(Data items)
►
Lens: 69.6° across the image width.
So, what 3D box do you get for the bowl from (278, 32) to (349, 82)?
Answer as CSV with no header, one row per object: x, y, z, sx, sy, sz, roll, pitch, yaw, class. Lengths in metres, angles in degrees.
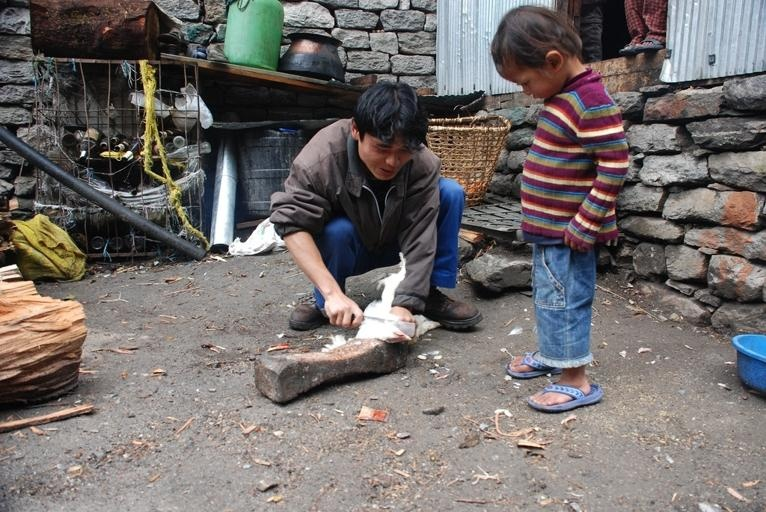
-0.735,-2.212,6.243,0.857,0.487,0.781,1,14,0,bowl

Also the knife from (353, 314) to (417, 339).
0.009,0.430,3.308,0.298,0.100,0.166,-3,16,11,knife

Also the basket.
0.739,-0.989,5.485,0.975,0.814,0.920,-7,16,-32,basket

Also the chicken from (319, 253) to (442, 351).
0.002,0.276,3.496,0.388,0.513,1.201,1,1,19,chicken

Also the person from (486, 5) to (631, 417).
0.914,-0.214,3.162,0.997,1.993,1.157,1,0,-13,person

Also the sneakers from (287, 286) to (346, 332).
-0.498,0.371,4.014,0.212,0.244,0.452,23,18,26,sneakers

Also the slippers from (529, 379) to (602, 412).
1.028,0.769,3.040,0.325,0.081,0.172,-3,8,-15,slippers

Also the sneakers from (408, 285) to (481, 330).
0.455,0.336,3.967,0.225,0.266,0.610,-27,18,-27,sneakers
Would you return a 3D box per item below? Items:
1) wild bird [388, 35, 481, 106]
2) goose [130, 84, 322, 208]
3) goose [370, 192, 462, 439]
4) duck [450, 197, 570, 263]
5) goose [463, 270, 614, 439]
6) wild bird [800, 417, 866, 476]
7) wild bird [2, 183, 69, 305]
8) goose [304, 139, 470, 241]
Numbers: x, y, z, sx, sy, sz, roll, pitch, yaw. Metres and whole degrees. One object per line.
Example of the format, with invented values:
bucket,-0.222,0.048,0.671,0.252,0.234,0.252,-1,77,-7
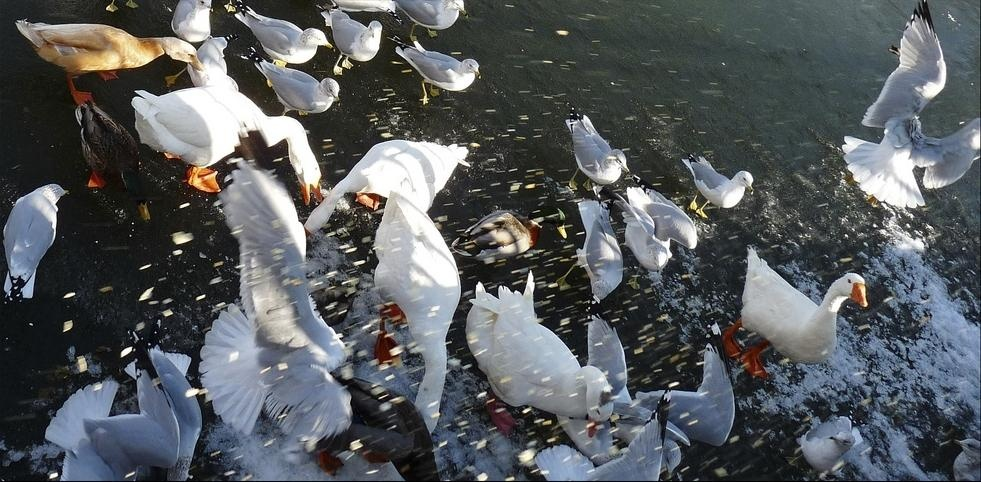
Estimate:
wild bird,-1.041,-3.001,14.688,1.543,0.972,0.600,23,41,4
goose,-4.324,-1.473,13.216,4.376,1.943,1.958,4,1,40
goose,-1.093,1.029,13.467,1.521,3.526,1.473,0,1,-19
duck,0.305,-0.163,13.966,1.958,0.835,0.835,-7,36,-11
goose,0.641,1.917,12.916,2.653,1.384,0.915,38,44,21
wild bird,5.519,3.247,13.269,0.847,0.822,0.674,-10,49,-30
wild bird,-7.278,0.015,13.002,0.701,1.327,1.380,10,42,-13
goose,-1.605,-0.977,14.006,2.854,1.057,1.217,-33,86,-12
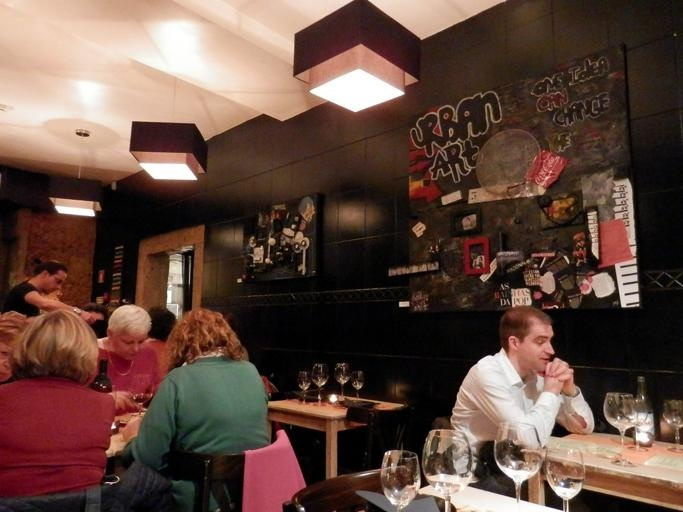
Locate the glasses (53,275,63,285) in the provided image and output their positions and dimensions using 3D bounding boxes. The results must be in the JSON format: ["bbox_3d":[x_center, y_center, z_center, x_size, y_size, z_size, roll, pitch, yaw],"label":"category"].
[{"bbox_3d":[-3.057,0.255,5.681,0.077,0.077,0.059,-40,-8,31],"label":"glasses"}]

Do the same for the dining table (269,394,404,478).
[{"bbox_3d":[-0.041,1.299,4.336,0.910,0.875,0.901,8,-12,-42],"label":"dining table"}]

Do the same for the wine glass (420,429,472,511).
[{"bbox_3d":[0.393,0.812,1.943,0.151,0.313,0.133,8,-11,-33],"label":"wine glass"}]

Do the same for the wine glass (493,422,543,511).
[{"bbox_3d":[0.674,0.810,1.992,0.165,0.342,0.149,-2,-10,22],"label":"wine glass"}]

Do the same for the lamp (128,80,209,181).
[{"bbox_3d":[-1.517,-1.102,4.928,0.591,0.389,0.590,3,-7,4],"label":"lamp"}]
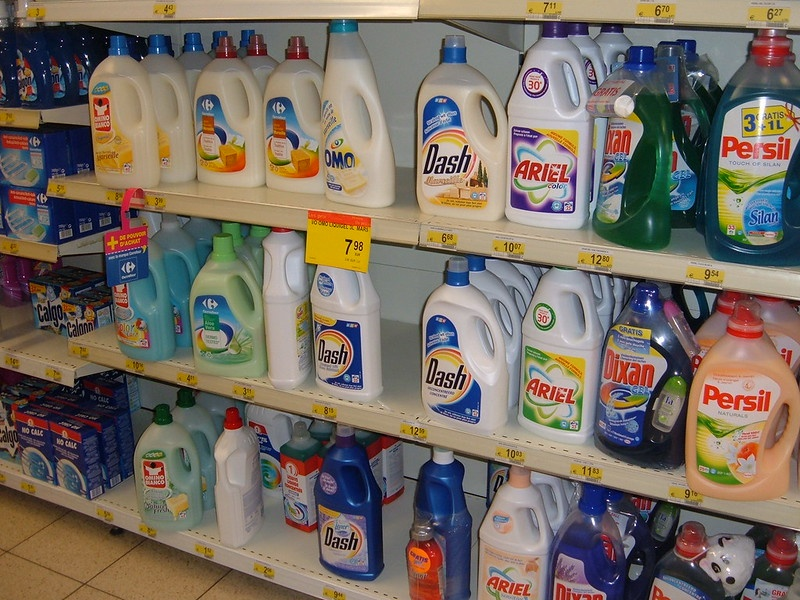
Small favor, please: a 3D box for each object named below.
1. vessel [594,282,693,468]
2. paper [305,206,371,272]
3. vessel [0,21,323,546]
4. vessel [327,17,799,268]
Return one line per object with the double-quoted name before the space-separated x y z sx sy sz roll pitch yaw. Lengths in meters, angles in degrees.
"vessel" 0.655 0.198 1.732 0.229 0.468 0.133 6 20 23
"paper" -0.183 -0.182 1.935 0.191 0.158 0.069 8 18 11
"vessel" -0.853 -0.077 2.385 1.659 1.730 0.555 9 17 25
"vessel" 0.446 -0.405 1.707 1.105 0.593 0.275 7 21 23
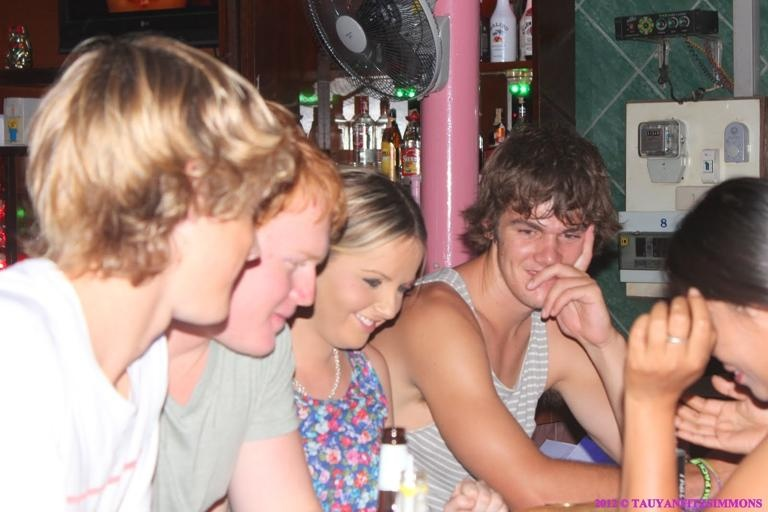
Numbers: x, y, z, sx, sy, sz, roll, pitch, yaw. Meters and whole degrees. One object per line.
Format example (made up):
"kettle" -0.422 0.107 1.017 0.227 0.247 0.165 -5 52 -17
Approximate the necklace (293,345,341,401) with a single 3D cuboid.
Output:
"necklace" -0.171 0.358 2.236 0.107 0.157 0.026 -2 -17 -8
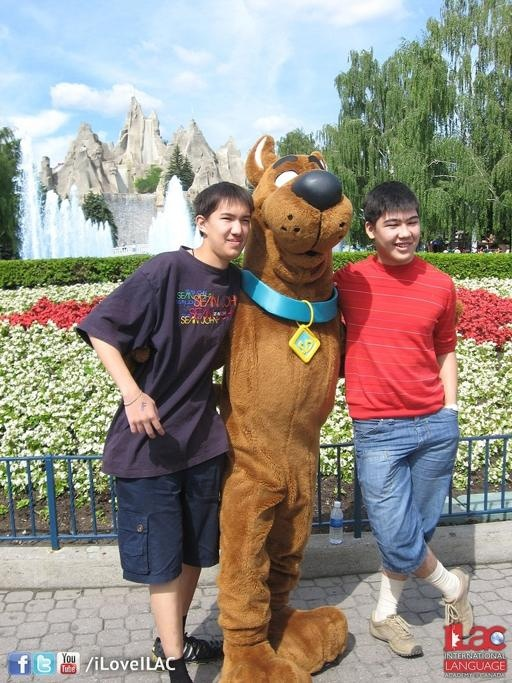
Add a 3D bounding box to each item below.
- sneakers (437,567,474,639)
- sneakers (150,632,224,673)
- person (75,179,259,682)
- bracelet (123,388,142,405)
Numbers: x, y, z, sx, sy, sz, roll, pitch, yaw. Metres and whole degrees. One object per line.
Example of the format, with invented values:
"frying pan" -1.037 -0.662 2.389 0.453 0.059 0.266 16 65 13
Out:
"sneakers" 0.869 1.111 2.730 0.110 0.290 0.131 -8 -7 39
"sneakers" -0.291 1.222 2.595 0.361 0.158 0.122 1 -1 -15
"person" -0.279 0.273 2.304 0.650 1.671 0.357 -5 7 -16
"bracelet" -0.409 0.183 2.112 0.049 0.013 0.050 -34 14 -4
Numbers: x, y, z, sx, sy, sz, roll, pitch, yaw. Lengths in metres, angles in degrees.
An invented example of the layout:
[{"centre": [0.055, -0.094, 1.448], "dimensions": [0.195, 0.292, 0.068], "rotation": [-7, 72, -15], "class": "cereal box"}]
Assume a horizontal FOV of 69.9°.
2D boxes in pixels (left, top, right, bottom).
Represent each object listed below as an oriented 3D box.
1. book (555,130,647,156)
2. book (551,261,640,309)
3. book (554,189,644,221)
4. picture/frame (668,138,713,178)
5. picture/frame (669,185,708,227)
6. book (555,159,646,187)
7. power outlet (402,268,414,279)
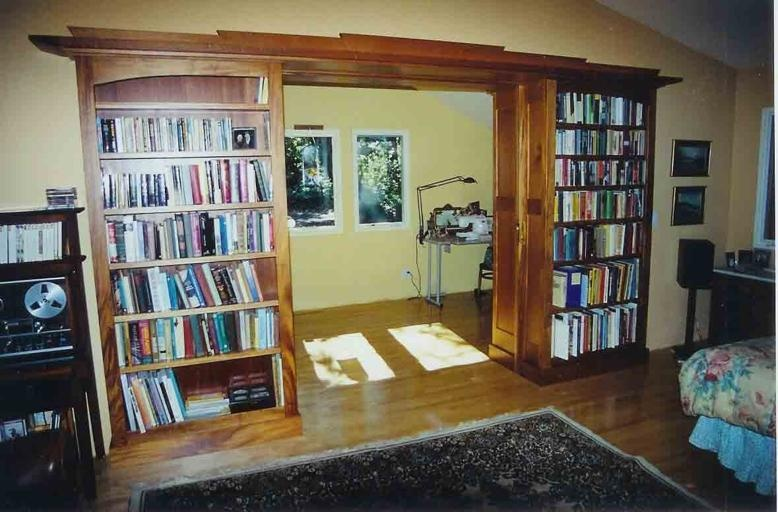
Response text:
[{"centre": [1.894, -1.006, 4.975], "dimensions": [0.966, 0.270, 0.076], "rotation": [-7, 15, -20], "class": "book"}, {"centre": [1.901, 0.264, 5.033], "dimensions": [0.985, 0.351, 0.399], "rotation": [-2, 5, -25], "class": "book"}, {"centre": [1.886, -0.458, 5.000], "dimensions": [0.978, 0.298, 0.087], "rotation": [-8, 15, -21], "class": "book"}, {"centre": [2.883, -0.934, 5.340], "dimensions": [0.391, 0.313, 0.035], "rotation": [1, 5, -8], "class": "picture/frame"}, {"centre": [2.868, -0.492, 5.374], "dimensions": [0.416, 0.392, 0.029], "rotation": [-4, 9, -21], "class": "picture/frame"}, {"centre": [1.894, -0.749, 4.984], "dimensions": [0.968, 0.285, 0.063], "rotation": [-7, 15, -19], "class": "book"}, {"centre": [0.244, 0.244, 7.373], "dimensions": [0.146, 0.101, 0.048], "rotation": [8, 11, -28], "class": "power outlet"}]
◄
GOAL OF THE EXERCISE:
Repeat the data in full and exactly. Omit pictures.

ANSWER SPACE:
Lens: 69.6° across the image width.
So, what 3D box do you get for the bowl from (278, 32) to (349, 82)?
Answer as CSV with no header, one row per object: x, y, z, sx, sy, sz, roll, pitch, yaw, class. Lengths in metres, angles in degrees.
-0.735,-2.212,6.243,0.857,0.487,0.781,1,14,0,bowl

Also the knife from (353, 314) to (417, 339).
0.009,0.430,3.308,0.298,0.100,0.166,-3,16,11,knife

Also the basket.
0.739,-0.989,5.485,0.975,0.814,0.920,-7,16,-32,basket

Also the chicken from (319, 253) to (442, 351).
0.002,0.276,3.496,0.388,0.513,1.201,1,1,19,chicken

Also the person from (486, 5) to (631, 417).
0.914,-0.214,3.162,0.997,1.993,1.157,1,0,-13,person

Also the sneakers from (287, 286) to (346, 332).
-0.498,0.371,4.014,0.212,0.244,0.452,23,18,26,sneakers

Also the slippers from (529, 379) to (602, 412).
1.028,0.769,3.040,0.325,0.081,0.172,-3,8,-15,slippers

Also the sneakers from (408, 285) to (481, 330).
0.455,0.336,3.967,0.225,0.266,0.610,-27,18,-27,sneakers
Would you return a 3D box per item below? Items:
1) wild bird [388, 35, 481, 106]
2) goose [130, 84, 322, 208]
3) goose [370, 192, 462, 439]
4) duck [450, 197, 570, 263]
5) goose [463, 270, 614, 439]
6) wild bird [800, 417, 866, 476]
7) wild bird [2, 183, 69, 305]
8) goose [304, 139, 470, 241]
Numbers: x, y, z, sx, sy, sz, roll, pitch, yaw. Metres and whole degrees. One object per line.
Example of the format, with invented values:
bucket,-0.222,0.048,0.671,0.252,0.234,0.252,-1,77,-7
Estimate:
wild bird,-1.041,-3.001,14.688,1.543,0.972,0.600,23,41,4
goose,-4.324,-1.473,13.216,4.376,1.943,1.958,4,1,40
goose,-1.093,1.029,13.467,1.521,3.526,1.473,0,1,-19
duck,0.305,-0.163,13.966,1.958,0.835,0.835,-7,36,-11
goose,0.641,1.917,12.916,2.653,1.384,0.915,38,44,21
wild bird,5.519,3.247,13.269,0.847,0.822,0.674,-10,49,-30
wild bird,-7.278,0.015,13.002,0.701,1.327,1.380,10,42,-13
goose,-1.605,-0.977,14.006,2.854,1.057,1.217,-33,86,-12
Locate the glasses (53,275,63,285) in the provided image and output their positions and dimensions using 3D bounding boxes. The results must be in the JSON format: ["bbox_3d":[x_center, y_center, z_center, x_size, y_size, z_size, roll, pitch, yaw],"label":"category"].
[{"bbox_3d":[-3.057,0.255,5.681,0.077,0.077,0.059,-40,-8,31],"label":"glasses"}]

Do the same for the dining table (269,394,404,478).
[{"bbox_3d":[-0.041,1.299,4.336,0.910,0.875,0.901,8,-12,-42],"label":"dining table"}]

Do the same for the wine glass (420,429,472,511).
[{"bbox_3d":[0.393,0.812,1.943,0.151,0.313,0.133,8,-11,-33],"label":"wine glass"}]

Do the same for the wine glass (493,422,543,511).
[{"bbox_3d":[0.674,0.810,1.992,0.165,0.342,0.149,-2,-10,22],"label":"wine glass"}]

Do the same for the lamp (128,80,209,181).
[{"bbox_3d":[-1.517,-1.102,4.928,0.591,0.389,0.590,3,-7,4],"label":"lamp"}]
Small favor, please: a 3D box for each object named below.
1. vessel [594,282,693,468]
2. paper [305,206,371,272]
3. vessel [0,21,323,546]
4. vessel [327,17,799,268]
Return one line per object with the double-quoted name before the space-separated x y z sx sy sz roll pitch yaw. Lengths in meters, angles in degrees.
"vessel" 0.655 0.198 1.732 0.229 0.468 0.133 6 20 23
"paper" -0.183 -0.182 1.935 0.191 0.158 0.069 8 18 11
"vessel" -0.853 -0.077 2.385 1.659 1.730 0.555 9 17 25
"vessel" 0.446 -0.405 1.707 1.105 0.593 0.275 7 21 23
Numbers: x, y, z, sx, sy, sz, roll, pitch, yaw. Meters and whole degrees. One object per line.
Format example (made up):
"kettle" -0.422 0.107 1.017 0.227 0.247 0.165 -5 52 -17
Approximate the necklace (293,345,341,401) with a single 3D cuboid.
Output:
"necklace" -0.171 0.358 2.236 0.107 0.157 0.026 -2 -17 -8
Add a 3D bounding box to each item below.
- sneakers (437,567,474,639)
- sneakers (150,632,224,673)
- person (75,179,259,682)
- bracelet (123,388,142,405)
Numbers: x, y, z, sx, sy, sz, roll, pitch, yaw. Metres and whole degrees. One object per line.
Example of the format, with invented values:
"frying pan" -1.037 -0.662 2.389 0.453 0.059 0.266 16 65 13
Out:
"sneakers" 0.869 1.111 2.730 0.110 0.290 0.131 -8 -7 39
"sneakers" -0.291 1.222 2.595 0.361 0.158 0.122 1 -1 -15
"person" -0.279 0.273 2.304 0.650 1.671 0.357 -5 7 -16
"bracelet" -0.409 0.183 2.112 0.049 0.013 0.050 -34 14 -4
Numbers: x, y, z, sx, sy, sz, roll, pitch, yaw. Lengths in metres, angles in degrees.
An invented example of the layout:
[{"centre": [0.055, -0.094, 1.448], "dimensions": [0.195, 0.292, 0.068], "rotation": [-7, 72, -15], "class": "cereal box"}]
Assume a horizontal FOV of 69.9°.
2D boxes in pixels (left, top, right, bottom).
Represent each object listed below as an oriented 3D box.
1. book (555,130,647,156)
2. book (551,261,640,309)
3. book (554,189,644,221)
4. picture/frame (668,138,713,178)
5. picture/frame (669,185,708,227)
6. book (555,159,646,187)
7. power outlet (402,268,414,279)
Response text:
[{"centre": [1.894, -1.006, 4.975], "dimensions": [0.966, 0.270, 0.076], "rotation": [-7, 15, -20], "class": "book"}, {"centre": [1.901, 0.264, 5.033], "dimensions": [0.985, 0.351, 0.399], "rotation": [-2, 5, -25], "class": "book"}, {"centre": [1.886, -0.458, 5.000], "dimensions": [0.978, 0.298, 0.087], "rotation": [-8, 15, -21], "class": "book"}, {"centre": [2.883, -0.934, 5.340], "dimensions": [0.391, 0.313, 0.035], "rotation": [1, 5, -8], "class": "picture/frame"}, {"centre": [2.868, -0.492, 5.374], "dimensions": [0.416, 0.392, 0.029], "rotation": [-4, 9, -21], "class": "picture/frame"}, {"centre": [1.894, -0.749, 4.984], "dimensions": [0.968, 0.285, 0.063], "rotation": [-7, 15, -19], "class": "book"}, {"centre": [0.244, 0.244, 7.373], "dimensions": [0.146, 0.101, 0.048], "rotation": [8, 11, -28], "class": "power outlet"}]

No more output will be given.